Work request:
At the line containing "subtitle Popis překážky [118, 590, 756, 628]", start repeating the entries exactly, and continue through the last line.

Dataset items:
[Start of section]
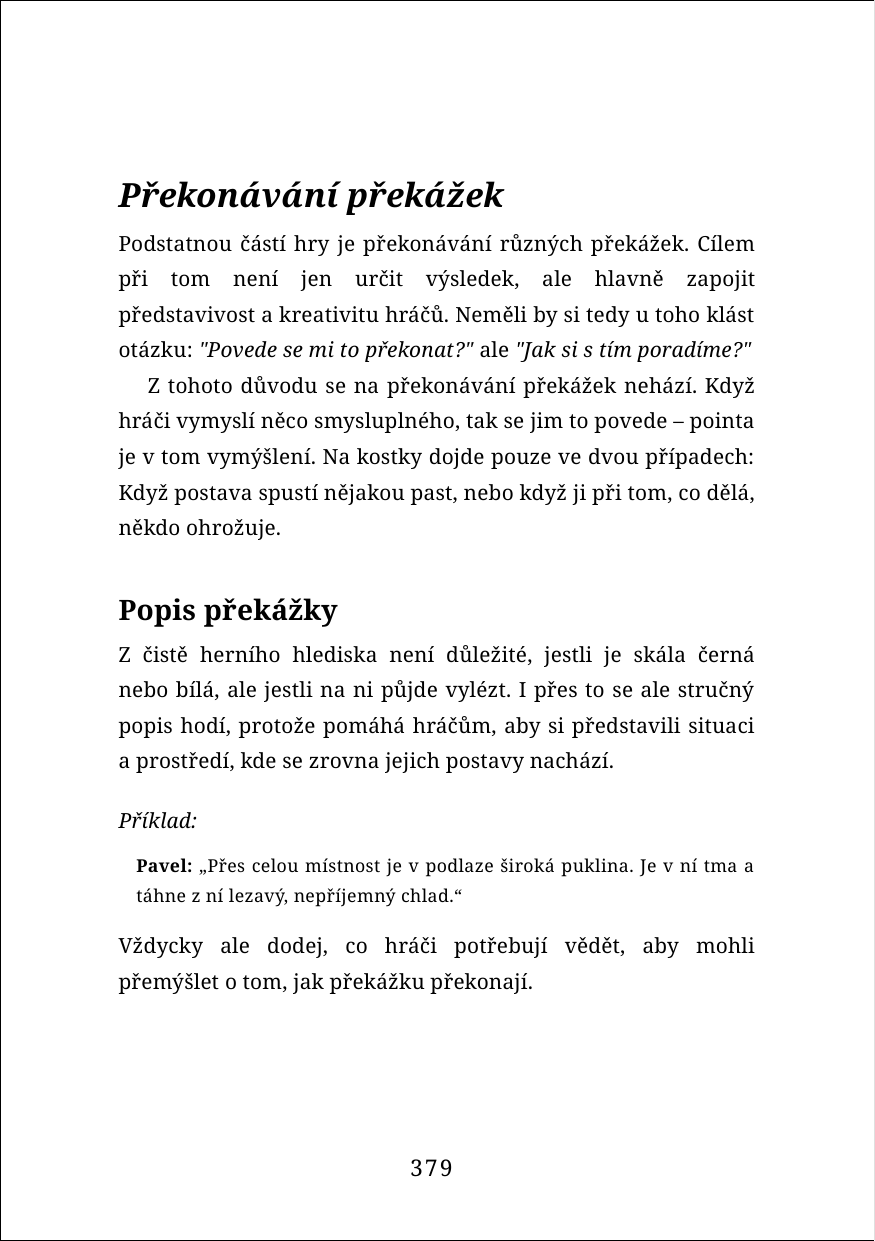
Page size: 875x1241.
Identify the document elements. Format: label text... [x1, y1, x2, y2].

subtitle Popis překážky [118, 590, 756, 628]
text Vždycky ale dodej, co hráči potřebují vědět, aby mohli přemýšlet o tom, jak překážku překonají. [118, 931, 756, 995]
text Podstatnou částí hry je překonávání různých překážek. Cílem při tom není jen určit výsledek, ale hlavně zapojit představivost a kreativitu hráčů. Neměli by si tedy u toho klást otázku: "Povede se mi to překonat?" ale "Jak si s tím poradíme?" Z tohoto důvodu se na překonávání překážek nehází. Když hráči vymyslí něco smysluplného, tak se jim to povede – pointa je v tom vymýšlení. Na kostky dojde pouze ve dvou případech: Když postava spustí nějakou past, nebo když ji při tom, co dělá, někdo ohrožuje. [118, 229, 756, 542]
text Příklad: [118, 806, 756, 834]
text Z čistě herního hlediska není důležité, jestli je skála černá nebo bílá, ale jestli na ni půjde vylézt. I přes to se ale stručný popis hodí, protože pomáhá hráčům, aby si představili situaci a prostředí, kde se zrovna jejich postavy nachází. [118, 640, 756, 775]
subtitle Překonávání překážek [118, 172, 756, 217]
text Pavel: „Přes celou místnost je v podlaze široká puklina. Je v ní tma a táhne z ní lezavý, nepříjemný chlad.“ [136, 853, 756, 907]
[End of section]
Output of the exercise:
subtitle Popis překážky [118, 590, 756, 628]
text Vždycky ale dodej, co hráči potřebují vědět, aby mohli přemýšlet o tom, jak překážku překonají. [118, 931, 756, 995]
text Podstatnou částí hry je překonávání různých překážek. Cílem při tom není jen určit výsledek, ale hlavně zapojit představivost a kreativitu hráčů. Neměli by si tedy u toho klást otázku: "Povede se mi to překonat?" ale "Jak si s tím poradíme?" Z tohoto důvodu se na překonávání překážek nehází. Když hráči vymyslí něco smysluplného, tak se jim to povede – pointa je v tom vymýšlení. Na kostky dojde pouze ve dvou případech: Když postava spustí nějakou past, nebo když ji při tom, co dělá, někdo ohrožuje. [118, 229, 756, 542]
text Příklad: [118, 806, 756, 834]
text Z čistě herního hlediska není důležité, jestli je skála černá nebo bílá, ale jestli na ni půjde vylézt. I přes to se ale stručný popis hodí, protože pomáhá hráčům, aby si představili situaci a prostředí, kde se zrovna jejich postavy nachází. [118, 640, 756, 775]
subtitle Překonávání překážek [118, 172, 756, 217]
text Pavel: „Přes celou místnost je v podlaze široká puklina. Je v ní tma a táhne z ní lezavý, nepříjemný chlad.“ [136, 853, 756, 907]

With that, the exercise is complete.